=== Task brief ===
Every record below, from the first line to the last, is to be set down again exactly.

=== Study material ===

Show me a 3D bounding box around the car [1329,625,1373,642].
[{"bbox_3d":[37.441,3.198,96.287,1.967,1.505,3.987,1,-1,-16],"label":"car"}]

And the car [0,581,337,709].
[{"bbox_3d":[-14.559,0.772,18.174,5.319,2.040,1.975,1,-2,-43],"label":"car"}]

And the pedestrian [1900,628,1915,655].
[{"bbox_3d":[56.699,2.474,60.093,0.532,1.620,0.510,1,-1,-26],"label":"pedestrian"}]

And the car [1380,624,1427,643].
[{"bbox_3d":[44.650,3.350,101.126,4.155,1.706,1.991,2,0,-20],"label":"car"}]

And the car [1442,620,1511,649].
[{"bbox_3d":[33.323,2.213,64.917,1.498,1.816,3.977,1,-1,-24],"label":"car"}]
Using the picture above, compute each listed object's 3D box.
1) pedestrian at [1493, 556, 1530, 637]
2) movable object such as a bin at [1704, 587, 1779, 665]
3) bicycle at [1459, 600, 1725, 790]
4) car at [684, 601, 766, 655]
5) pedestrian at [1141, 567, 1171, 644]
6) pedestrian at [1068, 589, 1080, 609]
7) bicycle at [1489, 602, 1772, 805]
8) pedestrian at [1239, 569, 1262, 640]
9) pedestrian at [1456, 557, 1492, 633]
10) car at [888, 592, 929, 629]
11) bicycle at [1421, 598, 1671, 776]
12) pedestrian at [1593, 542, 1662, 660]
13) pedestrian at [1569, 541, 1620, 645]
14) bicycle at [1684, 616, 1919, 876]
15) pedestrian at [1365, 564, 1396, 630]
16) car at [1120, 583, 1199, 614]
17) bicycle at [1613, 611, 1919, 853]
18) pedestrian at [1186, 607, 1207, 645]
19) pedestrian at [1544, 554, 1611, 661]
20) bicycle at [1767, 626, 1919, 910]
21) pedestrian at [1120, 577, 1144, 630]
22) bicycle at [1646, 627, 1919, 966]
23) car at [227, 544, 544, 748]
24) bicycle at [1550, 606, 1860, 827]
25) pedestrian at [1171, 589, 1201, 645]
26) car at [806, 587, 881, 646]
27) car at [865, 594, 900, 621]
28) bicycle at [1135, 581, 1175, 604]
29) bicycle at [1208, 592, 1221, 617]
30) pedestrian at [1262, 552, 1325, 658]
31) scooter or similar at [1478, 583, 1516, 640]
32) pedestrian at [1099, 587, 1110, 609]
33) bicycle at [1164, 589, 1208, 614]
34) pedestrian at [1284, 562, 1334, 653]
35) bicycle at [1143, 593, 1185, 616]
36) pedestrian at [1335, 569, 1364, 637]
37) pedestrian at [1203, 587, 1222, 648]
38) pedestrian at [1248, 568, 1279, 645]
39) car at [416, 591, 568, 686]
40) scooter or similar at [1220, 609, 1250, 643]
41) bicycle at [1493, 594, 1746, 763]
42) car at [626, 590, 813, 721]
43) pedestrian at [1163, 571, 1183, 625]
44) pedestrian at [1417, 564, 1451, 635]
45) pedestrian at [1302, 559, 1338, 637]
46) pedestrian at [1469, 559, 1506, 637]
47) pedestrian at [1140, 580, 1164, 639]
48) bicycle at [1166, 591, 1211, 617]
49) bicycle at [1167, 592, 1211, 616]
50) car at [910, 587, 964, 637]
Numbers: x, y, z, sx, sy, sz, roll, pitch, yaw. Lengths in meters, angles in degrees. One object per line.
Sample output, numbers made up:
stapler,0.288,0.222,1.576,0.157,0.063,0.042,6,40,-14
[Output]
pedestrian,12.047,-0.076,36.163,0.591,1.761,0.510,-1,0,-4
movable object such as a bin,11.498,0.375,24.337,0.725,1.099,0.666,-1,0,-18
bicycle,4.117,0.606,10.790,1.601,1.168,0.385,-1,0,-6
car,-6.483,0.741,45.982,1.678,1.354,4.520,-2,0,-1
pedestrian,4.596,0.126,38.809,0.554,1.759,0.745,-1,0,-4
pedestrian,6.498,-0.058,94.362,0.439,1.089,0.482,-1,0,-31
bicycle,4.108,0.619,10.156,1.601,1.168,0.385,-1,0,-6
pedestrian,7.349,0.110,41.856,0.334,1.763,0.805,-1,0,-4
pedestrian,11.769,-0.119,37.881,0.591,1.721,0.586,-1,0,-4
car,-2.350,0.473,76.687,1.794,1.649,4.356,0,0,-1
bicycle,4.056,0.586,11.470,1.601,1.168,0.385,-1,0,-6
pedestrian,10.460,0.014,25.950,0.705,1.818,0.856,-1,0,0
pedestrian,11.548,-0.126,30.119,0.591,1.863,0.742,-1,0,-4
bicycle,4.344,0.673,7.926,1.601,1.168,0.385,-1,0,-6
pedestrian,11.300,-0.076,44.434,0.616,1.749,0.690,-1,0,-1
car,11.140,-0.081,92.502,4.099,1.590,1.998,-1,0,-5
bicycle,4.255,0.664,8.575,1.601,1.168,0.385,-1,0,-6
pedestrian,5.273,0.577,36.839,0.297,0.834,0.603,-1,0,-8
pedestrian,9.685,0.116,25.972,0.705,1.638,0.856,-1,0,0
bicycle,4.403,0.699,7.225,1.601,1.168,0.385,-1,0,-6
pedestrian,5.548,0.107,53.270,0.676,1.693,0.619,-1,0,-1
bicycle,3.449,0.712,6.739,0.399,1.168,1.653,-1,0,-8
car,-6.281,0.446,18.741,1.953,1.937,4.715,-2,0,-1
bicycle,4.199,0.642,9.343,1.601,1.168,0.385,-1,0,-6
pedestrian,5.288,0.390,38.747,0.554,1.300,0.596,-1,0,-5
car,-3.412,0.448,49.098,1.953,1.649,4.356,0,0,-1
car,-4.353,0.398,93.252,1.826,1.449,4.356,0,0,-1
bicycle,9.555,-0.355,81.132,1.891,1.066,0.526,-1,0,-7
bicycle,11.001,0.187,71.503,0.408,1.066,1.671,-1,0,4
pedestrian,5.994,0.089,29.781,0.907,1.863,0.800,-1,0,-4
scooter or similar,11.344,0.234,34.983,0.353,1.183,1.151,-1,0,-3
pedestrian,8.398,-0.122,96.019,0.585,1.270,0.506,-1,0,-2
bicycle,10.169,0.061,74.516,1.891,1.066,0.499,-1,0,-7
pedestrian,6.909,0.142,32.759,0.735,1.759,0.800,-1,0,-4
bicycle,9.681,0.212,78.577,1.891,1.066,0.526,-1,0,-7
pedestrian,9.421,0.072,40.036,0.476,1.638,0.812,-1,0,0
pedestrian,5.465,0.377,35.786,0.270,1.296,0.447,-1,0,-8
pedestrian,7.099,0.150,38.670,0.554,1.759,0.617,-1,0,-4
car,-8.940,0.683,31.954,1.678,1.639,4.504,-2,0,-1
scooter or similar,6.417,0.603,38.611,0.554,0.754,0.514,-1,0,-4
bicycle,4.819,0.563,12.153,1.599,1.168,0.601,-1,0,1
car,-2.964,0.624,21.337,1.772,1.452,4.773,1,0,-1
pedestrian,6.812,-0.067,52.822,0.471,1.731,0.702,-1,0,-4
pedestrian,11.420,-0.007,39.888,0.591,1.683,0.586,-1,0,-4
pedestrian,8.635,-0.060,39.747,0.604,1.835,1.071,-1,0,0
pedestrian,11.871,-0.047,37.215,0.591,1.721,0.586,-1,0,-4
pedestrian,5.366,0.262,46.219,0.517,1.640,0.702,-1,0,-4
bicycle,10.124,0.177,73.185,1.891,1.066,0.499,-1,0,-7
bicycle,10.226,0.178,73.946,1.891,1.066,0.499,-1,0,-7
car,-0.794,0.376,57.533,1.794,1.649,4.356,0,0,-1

=== Solution for this exercise ===
Show me a 3D bounding box around the car [1329,625,1373,642].
[{"bbox_3d":[37.441,3.198,96.287,1.967,1.505,3.987,1,-1,-16],"label":"car"}]

And the car [0,581,337,709].
[{"bbox_3d":[-14.559,0.772,18.174,5.319,2.040,1.975,1,-2,-43],"label":"car"}]

And the pedestrian [1900,628,1915,655].
[{"bbox_3d":[56.699,2.474,60.093,0.532,1.620,0.510,1,-1,-26],"label":"pedestrian"}]

And the car [1380,624,1427,643].
[{"bbox_3d":[44.650,3.350,101.126,4.155,1.706,1.991,2,0,-20],"label":"car"}]

And the car [1442,620,1511,649].
[{"bbox_3d":[33.323,2.213,64.917,1.498,1.816,3.977,1,-1,-24],"label":"car"}]
Using the picture above, compute each listed object's 3D box.
1) pedestrian at [1493, 556, 1530, 637]
2) movable object such as a bin at [1704, 587, 1779, 665]
3) bicycle at [1459, 600, 1725, 790]
4) car at [684, 601, 766, 655]
5) pedestrian at [1141, 567, 1171, 644]
6) pedestrian at [1068, 589, 1080, 609]
7) bicycle at [1489, 602, 1772, 805]
8) pedestrian at [1239, 569, 1262, 640]
9) pedestrian at [1456, 557, 1492, 633]
10) car at [888, 592, 929, 629]
11) bicycle at [1421, 598, 1671, 776]
12) pedestrian at [1593, 542, 1662, 660]
13) pedestrian at [1569, 541, 1620, 645]
14) bicycle at [1684, 616, 1919, 876]
15) pedestrian at [1365, 564, 1396, 630]
16) car at [1120, 583, 1199, 614]
17) bicycle at [1613, 611, 1919, 853]
18) pedestrian at [1186, 607, 1207, 645]
19) pedestrian at [1544, 554, 1611, 661]
20) bicycle at [1767, 626, 1919, 910]
21) pedestrian at [1120, 577, 1144, 630]
22) bicycle at [1646, 627, 1919, 966]
23) car at [227, 544, 544, 748]
24) bicycle at [1550, 606, 1860, 827]
25) pedestrian at [1171, 589, 1201, 645]
26) car at [806, 587, 881, 646]
27) car at [865, 594, 900, 621]
28) bicycle at [1135, 581, 1175, 604]
29) bicycle at [1208, 592, 1221, 617]
30) pedestrian at [1262, 552, 1325, 658]
31) scooter or similar at [1478, 583, 1516, 640]
32) pedestrian at [1099, 587, 1110, 609]
33) bicycle at [1164, 589, 1208, 614]
34) pedestrian at [1284, 562, 1334, 653]
35) bicycle at [1143, 593, 1185, 616]
36) pedestrian at [1335, 569, 1364, 637]
37) pedestrian at [1203, 587, 1222, 648]
38) pedestrian at [1248, 568, 1279, 645]
39) car at [416, 591, 568, 686]
40) scooter or similar at [1220, 609, 1250, 643]
41) bicycle at [1493, 594, 1746, 763]
42) car at [626, 590, 813, 721]
43) pedestrian at [1163, 571, 1183, 625]
44) pedestrian at [1417, 564, 1451, 635]
45) pedestrian at [1302, 559, 1338, 637]
46) pedestrian at [1469, 559, 1506, 637]
47) pedestrian at [1140, 580, 1164, 639]
48) bicycle at [1166, 591, 1211, 617]
49) bicycle at [1167, 592, 1211, 616]
50) car at [910, 587, 964, 637]
Numbers: x, y, z, sx, sy, sz, roll, pitch, yaw. Lengths in meters, angles in degrees. One object per line.
Sample output, numbers made up:
stapler,0.288,0.222,1.576,0.157,0.063,0.042,6,40,-14
[Output]
pedestrian,12.047,-0.076,36.163,0.591,1.761,0.510,-1,0,-4
movable object such as a bin,11.498,0.375,24.337,0.725,1.099,0.666,-1,0,-18
bicycle,4.117,0.606,10.790,1.601,1.168,0.385,-1,0,-6
car,-6.483,0.741,45.982,1.678,1.354,4.520,-2,0,-1
pedestrian,4.596,0.126,38.809,0.554,1.759,0.745,-1,0,-4
pedestrian,6.498,-0.058,94.362,0.439,1.089,0.482,-1,0,-31
bicycle,4.108,0.619,10.156,1.601,1.168,0.385,-1,0,-6
pedestrian,7.349,0.110,41.856,0.334,1.763,0.805,-1,0,-4
pedestrian,11.769,-0.119,37.881,0.591,1.721,0.586,-1,0,-4
car,-2.350,0.473,76.687,1.794,1.649,4.356,0,0,-1
bicycle,4.056,0.586,11.470,1.601,1.168,0.385,-1,0,-6
pedestrian,10.460,0.014,25.950,0.705,1.818,0.856,-1,0,0
pedestrian,11.548,-0.126,30.119,0.591,1.863,0.742,-1,0,-4
bicycle,4.344,0.673,7.926,1.601,1.168,0.385,-1,0,-6
pedestrian,11.300,-0.076,44.434,0.616,1.749,0.690,-1,0,-1
car,11.140,-0.081,92.502,4.099,1.590,1.998,-1,0,-5
bicycle,4.255,0.664,8.575,1.601,1.168,0.385,-1,0,-6
pedestrian,5.273,0.577,36.839,0.297,0.834,0.603,-1,0,-8
pedestrian,9.685,0.116,25.972,0.705,1.638,0.856,-1,0,0
bicycle,4.403,0.699,7.225,1.601,1.168,0.385,-1,0,-6
pedestrian,5.548,0.107,53.270,0.676,1.693,0.619,-1,0,-1
bicycle,3.449,0.712,6.739,0.399,1.168,1.653,-1,0,-8
car,-6.281,0.446,18.741,1.953,1.937,4.715,-2,0,-1
bicycle,4.199,0.642,9.343,1.601,1.168,0.385,-1,0,-6
pedestrian,5.288,0.390,38.747,0.554,1.300,0.596,-1,0,-5
car,-3.412,0.448,49.098,1.953,1.649,4.356,0,0,-1
car,-4.353,0.398,93.252,1.826,1.449,4.356,0,0,-1
bicycle,9.555,-0.355,81.132,1.891,1.066,0.526,-1,0,-7
bicycle,11.001,0.187,71.503,0.408,1.066,1.671,-1,0,4
pedestrian,5.994,0.089,29.781,0.907,1.863,0.800,-1,0,-4
scooter or similar,11.344,0.234,34.983,0.353,1.183,1.151,-1,0,-3
pedestrian,8.398,-0.122,96.019,0.585,1.270,0.506,-1,0,-2
bicycle,10.169,0.061,74.516,1.891,1.066,0.499,-1,0,-7
pedestrian,6.909,0.142,32.759,0.735,1.759,0.800,-1,0,-4
bicycle,9.681,0.212,78.577,1.891,1.066,0.526,-1,0,-7
pedestrian,9.421,0.072,40.036,0.476,1.638,0.812,-1,0,0
pedestrian,5.465,0.377,35.786,0.270,1.296,0.447,-1,0,-8
pedestrian,7.099,0.150,38.670,0.554,1.759,0.617,-1,0,-4
car,-8.940,0.683,31.954,1.678,1.639,4.504,-2,0,-1
scooter or similar,6.417,0.603,38.611,0.554,0.754,0.514,-1,0,-4
bicycle,4.819,0.563,12.153,1.599,1.168,0.601,-1,0,1
car,-2.964,0.624,21.337,1.772,1.452,4.773,1,0,-1
pedestrian,6.812,-0.067,52.822,0.471,1.731,0.702,-1,0,-4
pedestrian,11.420,-0.007,39.888,0.591,1.683,0.586,-1,0,-4
pedestrian,8.635,-0.060,39.747,0.604,1.835,1.071,-1,0,0
pedestrian,11.871,-0.047,37.215,0.591,1.721,0.586,-1,0,-4
pedestrian,5.366,0.262,46.219,0.517,1.640,0.702,-1,0,-4
bicycle,10.124,0.177,73.185,1.891,1.066,0.499,-1,0,-7
bicycle,10.226,0.178,73.946,1.891,1.066,0.499,-1,0,-7
car,-0.794,0.376,57.533,1.794,1.649,4.356,0,0,-1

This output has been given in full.